I was asked by the International Downtown Association to provide a bit of input as to finding and hiring parking managers. Here, in part, is what I wrote:

The suggestion is to look for someone with experience in all aspects of the parking business. If they have worked for private operators, so much the better. If they have had experience in municipal operations in cities of your size or slightly smaller, great! Perhaps they are number two in a municipal parking organization and looking to move up. By the way, don’t be afraid to pay an appropriate salary. Remember you are asking them to run a multimillion dollar operation with many staff, a large amount of equipment, high tech software and apps, and you are expecting them to be sure the mayor’s wife doesn’t get a ticket. If you are paying less than the local McDonalds, expect less. You get what you pay for.

I have put the relevant part of the City of Cambridge job description for the Parking Services Manager for the City. Note where the word “parking” falls. Next to last sentence. The most important thing is a Bachelor’s Degree, IT experience, and familiarity with the City of Cambridge. Any knowledge about parking “a plus.”

Bachelor’s Degree in Business or Public Administration or other relevant field plus seven or more years of experience in staff supervision, customer service, financial management, information technology and operations management or an equivalent combination of education/experience required.  Must have demonstrated ability to exercise sound judgment, especially in making fair and impartial customer service decisions; to work in a collaborative, team environment; and to maintain discretion and confidentiality with customer, database and other information.  Must have excellent oral and written communication skills and the ability to explain technical information and analysis to the general public. Must be well organized and able to manage multiple responsibilities within a complex, multi-disciplinary, multi-variate environment.  Strong information technology experience preferred, demonstrated experience with Microsoft Office programs required. Familiarity with City of Cambridge street and building locations and the Cambridge community at large and working knowledge of Parking Management Information Systems and Geographical Information Systems a plus.  Must have demonstrated experience leading and managing a workgroup and creating an integrated team capable of delivering a high-quality product while balancing multiple competing concerns.

I know, I’m just a luddite. But wouldn’t a working knowledge of a municipal parking operation be at least mentioned in the job description? I can see someone who has done an excellent job running the city’s parks department for the past decade applying for and getting this position. They would meet all the criteria. Only they wouldn’t have a clue about parking.
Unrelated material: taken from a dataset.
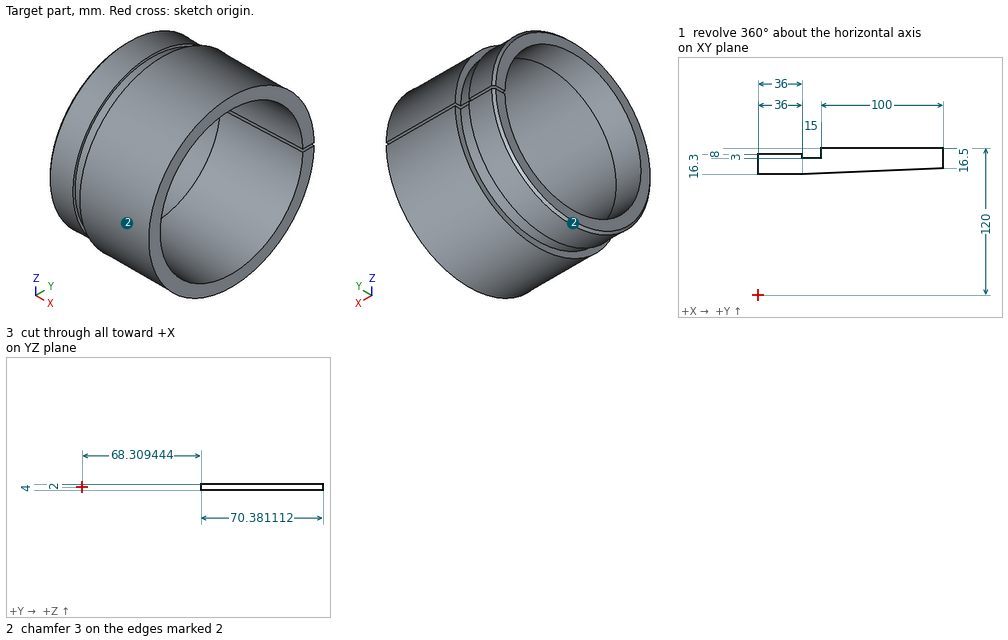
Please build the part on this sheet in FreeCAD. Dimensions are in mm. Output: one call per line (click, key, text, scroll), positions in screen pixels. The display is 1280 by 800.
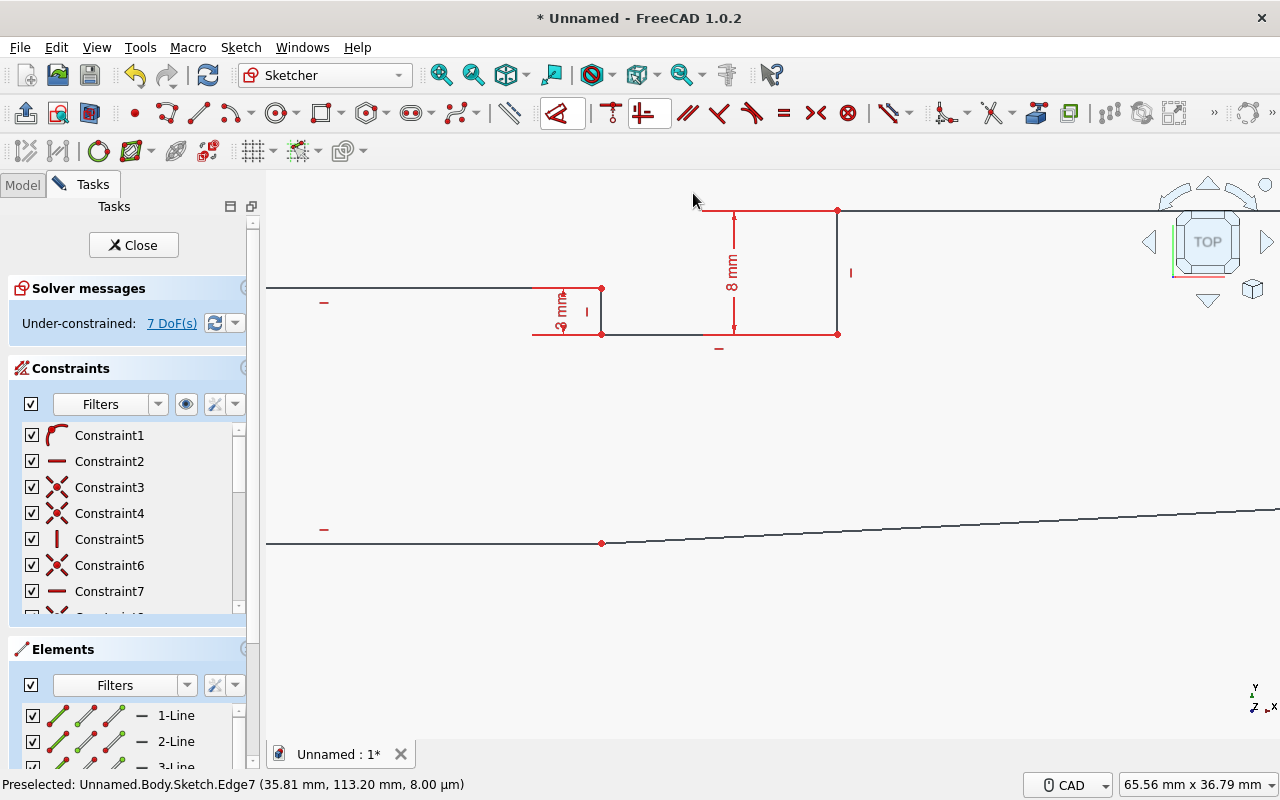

But then, how hard can it be? Its only parking cars.

JVH

Picture of John Van Horn

John Van Horn

3 Responses

  1. I am struggling with the same scenario except reversed, the incumbent with year of parking experience feels that is more important than leadership, business, accounting qualifications, being able to associate cause and effect, i.e. in developing policy.

    I came with a strong business/accounting background and learned the industry of parking quickly. I think the leadership and business skills are more important, you can learn the parking industry fairly quickly – that doesn’t mean it isn’t complex. In a parking operation, you will be highly successful applying your leadership, intuitive, business skills to the industry – you don’t need to have a parking background – you are the leader, not the technician.

  2. Bottom line is you need both skill sets. I’ve seen very talented managers completely bomb in a parking operation, and I’ve also seen very talented parking “operators” fail miserably when put in a management position.

    Parking is a very hands on business, and the best of the best understand every facet of this business from the ground up. Hiring someone for a major leadership position that you “hope” will either learn the business or else develop high level management skills is a crap shoot.